You could try frightening the electorate. It works, but at a high cost. You pit one side against the another, regardless of the facts, and then you pledge to protect your supporters from the “others” you’ve demonized. Like shaming, fear mongering also works both ways.

There are other approaches that can win elections, some of them legal. But, wait. What election? Who’s running for what and when? Primaries are held in late June; the general election in November. But for roughly 10% of Columbia County voters, there is an election next week.

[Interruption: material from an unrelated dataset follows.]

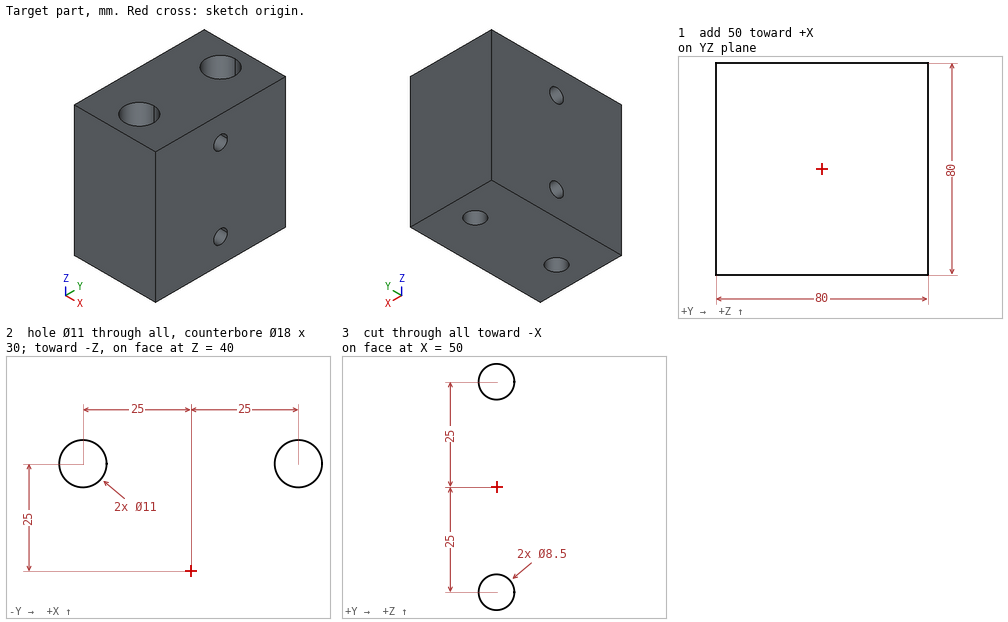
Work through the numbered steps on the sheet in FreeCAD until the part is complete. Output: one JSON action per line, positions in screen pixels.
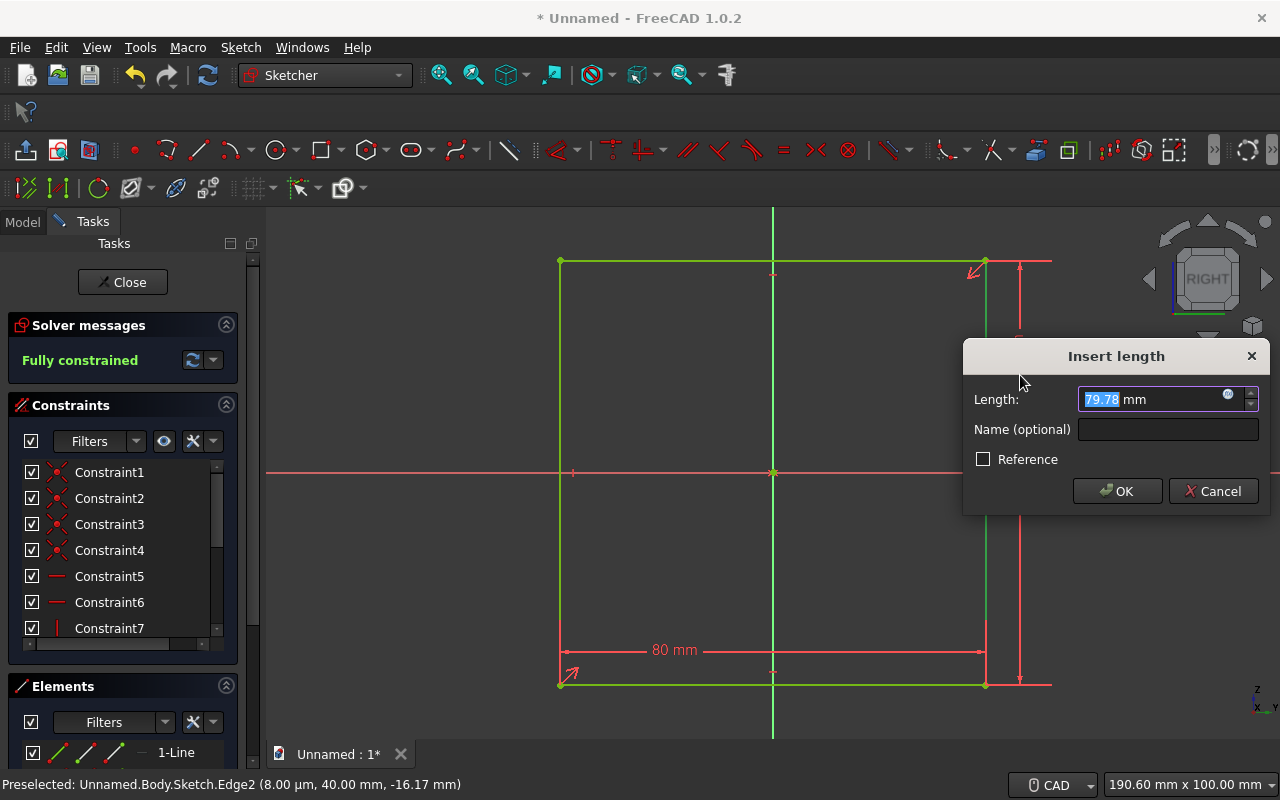
{"action": "type", "text": "80"}
{"action": "key", "text": "Return"}
{"action": "key", "text": "Escape"}

Elections Tuesday, March 15, from noon to 9 p.m., are only for people who live in one of the four villages in Columbia County: Chatham, Kinderhook, Philmont and Valatie. As well as living in one of those villages, to cast a ballot in one of these elections you must be registered to vote in the village.

Each of the villages has elections but only one village has a ballot contest: three people are running for mayor of the Village of Kinderhook. Also in Kinderhook, as with the other three villages, there are vacant seats on Village Boards with just enough candidates on the ballots to fill those seats.

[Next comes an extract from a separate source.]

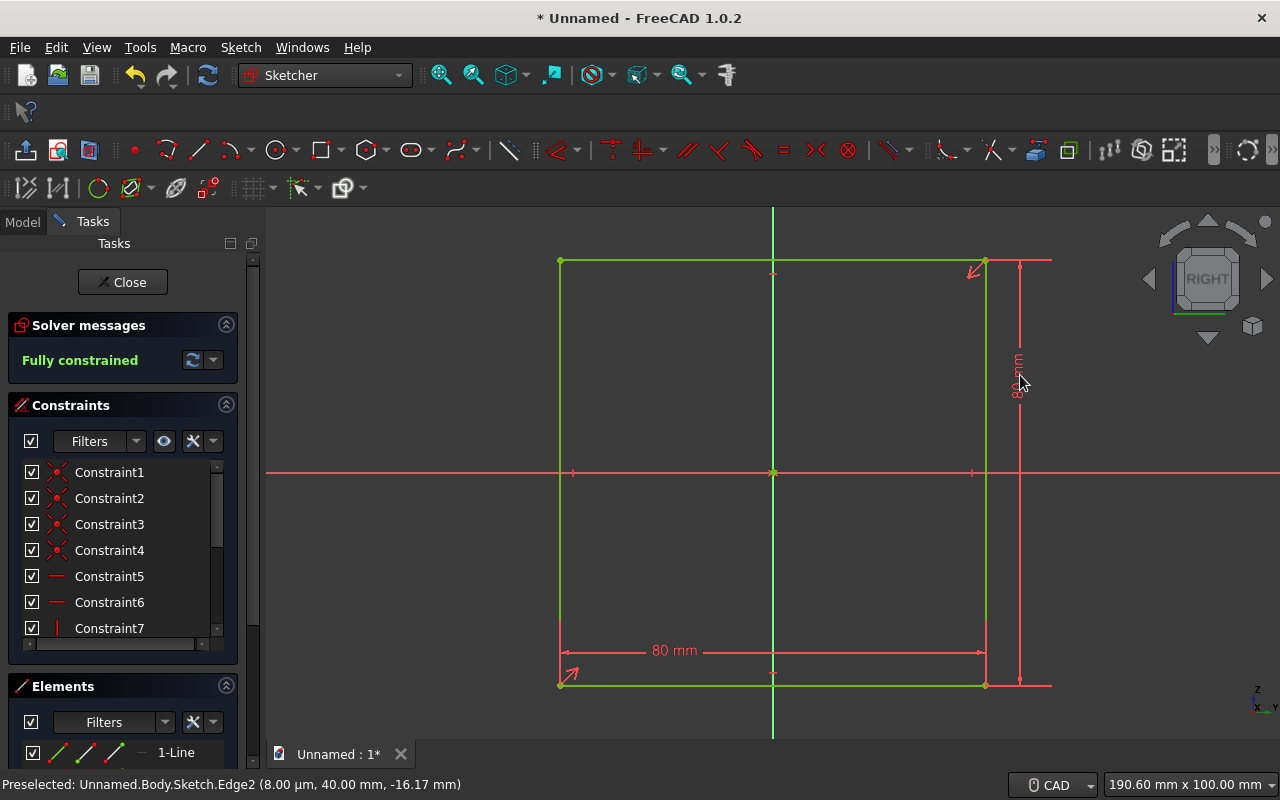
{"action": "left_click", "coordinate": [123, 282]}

Does that mean there’s no reason to cast a vote because the results, with the exception of Kinderhook mayor, are already decided?

No. If you know someone running for a seat on your Village Board, consider voting for her or him because that person is doing an essential job that you and the rest of your village don’t want to do. That’s not shaming. That’s gratitude.

Maybe there’s no familiar name on your ballot. As a practical matter it’s simply writing in a candidate’s name at the bottom of a column with the title of the village position you want the write-in to have. The law doesn’t require it, but good manners suggest that you should inform the person you plan to write in before you submit your ballot. But choose carefully. Occasionally write-ins win elections. If you want to make a point about a candidate you don’t know or don’t approve of, leave that candidate’s column blank but cast a ballot for the others. That sends a message.

The scale of these village elections is as small as democracy gets. The combined number of active voters in all four villages is less than 5,000, according to the latest available figures. That’s 10% of the active voters countywide. And yet the impact of the local elections can be tremendous. A handful of votes determines who will set water and sewer policies, the quality of local roads and bridges, and what you may and may not do with your home.

But you probably knew most of this anyway. So let’s look at one other motivation for participating in our village elections. Think of these votes as a message to all the communities around the world that don’t have the opportunity to choose their leaders. Now add to that list the people of Ukraine, whose rights—and lives—are extinguished with every moment the brutal Russian invasion crawls on. Those rights we have are equally fragile if we fail to exercise them every chance we get.